DATASET CONTENT:
+===+

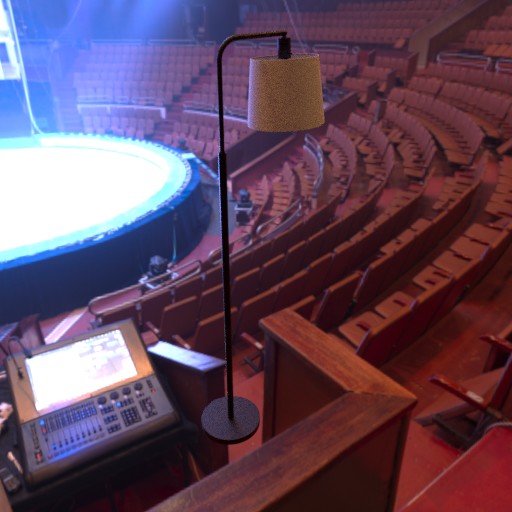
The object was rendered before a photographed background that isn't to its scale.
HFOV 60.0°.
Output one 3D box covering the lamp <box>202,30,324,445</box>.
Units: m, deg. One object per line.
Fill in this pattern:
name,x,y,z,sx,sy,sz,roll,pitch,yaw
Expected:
lamp,0.000,0.000,1.624,0.508,1.478,0.254,-18,31,-32

+===+

THE TASK:
Beginning at the line that contains "HFOV 60.0°." and ending at the last line above, copy each line without any change.

ANSWER TO THE EXERCISE:
HFOV 60.0°.
Output one 3D box covering the lamp <box>202,30,324,445</box>.
Units: m, deg. One object per line.
Fill in this pattern:
name,x,y,z,sx,sy,sz,roll,pitch,yaw
Expected:
lamp,0.000,0.000,1.624,0.508,1.478,0.254,-18,31,-32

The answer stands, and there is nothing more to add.